For the most part the dial on these clocks measures 12 inches and the hands are straight, with a few exceptions. All Baird clocks have two doors unlike many other clocks produced at the time with only one door, giving access to the dial and pendulum. The top doors are 18 inches wide, while the bottom ones are 12 inches wide. While most Baird clocks were 30½ inches long, Baird did make smaller 26-inch models.

A Baird clock has been compared to the look of a toilet seat, with the top part holding the face, and the smaller door on the bottom containing the mechanics with which to wind the clock. Both doors had printed or embossed names of companies or products around the edges, and opened with brass hinges. In the beginning, Baird painted his clocks brick red. Later, he changed the color to a darker brown and eventually to mahogany, On some the color changed with age.

Seth Thomas, the famous American clock maker, made the movements for the Baird clocks until a year before the company folded, when Baird began using movements from several other makers. His clocks were 8-day models, which meant they were spring-loaded and needed to be wound once a week, with a one-day grace period, giving people time to forget without losing time.

Baird sold his clocks door-to-door, making them for the companies to hang in shops or general stores. He printed the company name on the clocks, and then those companies would give them away to businesses that used their products.

For instance, razor blade companies would put Baird clocks with their company name on them in barbershops and stores that sold razor blades. Coca Cola would place their clocks in soda fountains, train stations and markets.

Companies from all different categories bought these clocks, from newspapers like the Commercial Gazette of Cincinnati, Toledo Blade, Times of Philadelphia, and Bright and Newsie to businesses that were as varied as Ghirardelli Chocolate and Dr. Pepper. One of the most valuable Baird clocks to date is a Coca Cola advertising clock that sold for $25,000.

Other Advertising Clocks

There are many different kinds of advertising clocks. One of the largest and most unique is the Sydney Advertising Clock. Built in the 1880s, this huge clock, stood 68 inches tall. It had reverse painting on the doors, which was the first advertisement. The cabinet on the bottom of the clock held three revolving cylinders, with four sides each, that carried advertising cards inside. At each quarter or half turn of the clock, the cards would rotate, showing a new ad for a different business each time. This allowed the owner to sell multiple ad spaces on one clock.
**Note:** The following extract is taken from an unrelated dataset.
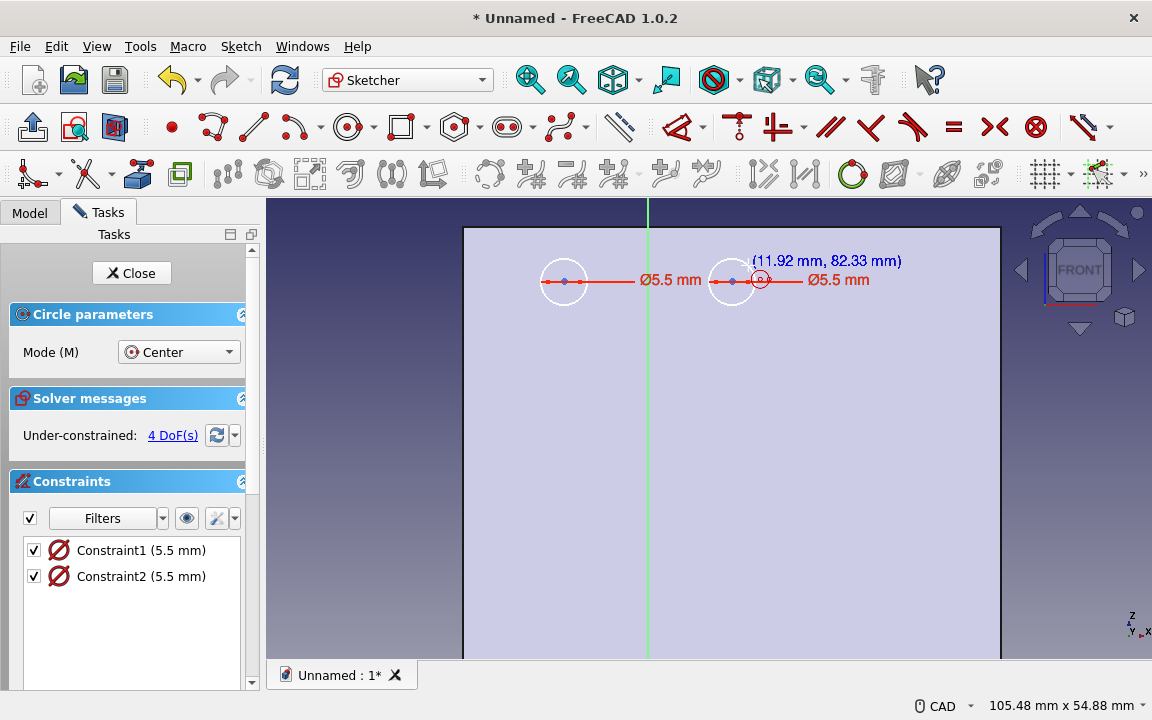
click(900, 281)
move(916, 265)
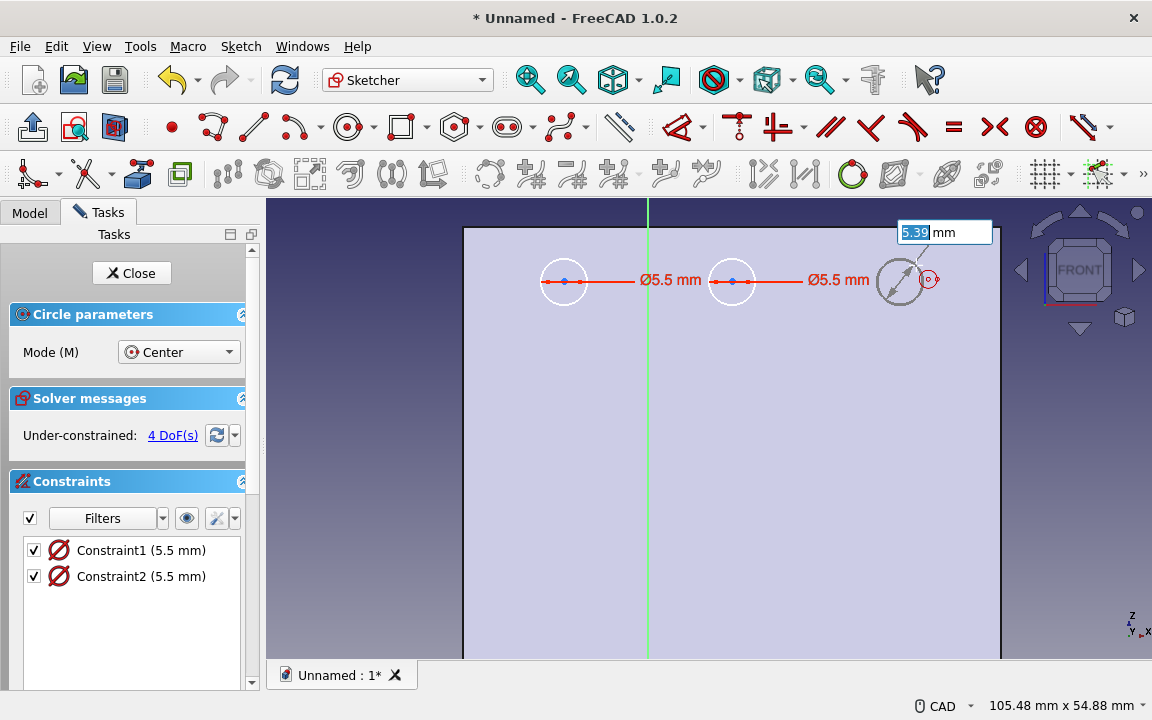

Although the company that made the clock gave it to businesses, it charged a fee for the ads. On the dial, the name of the maker appeared as free advertising. And for that the maker agreed to maintain the clock in working condition for each year.

A “newer” advertising company was 9 O’clock Washing Tea, which hit the markets around the turn of the 20th century. By using 9 O’clock Washing Tea, women could have their laundry done and hung on the line by 9 am. Tea was another word for soda or washing soda.

Most makers of advertising clocks constructed them cheaply. They used no bezel or glass covering the dial, just laminated wood with a printed advertisement and a simple time mechanism.

Back in the 19th and early 20th centuries, there was limited product advertising. But consumers, especially in rural areas, spent lots of time in the closest town’s general store, which made it the best place to see product ads.

Unfortunately, the survival rate for advertising clocks is low. But to the collector advertising clocks bring more bang for their buck because of the history that comes with the advertisements.

A Baird clock in good working condition, with its original dial, glass, movement, and paint job, can sell for around $3,000. Some exceptional pieces sell for over twice that and higher. And well known brands, again like Coca-Cola, can sell for even more.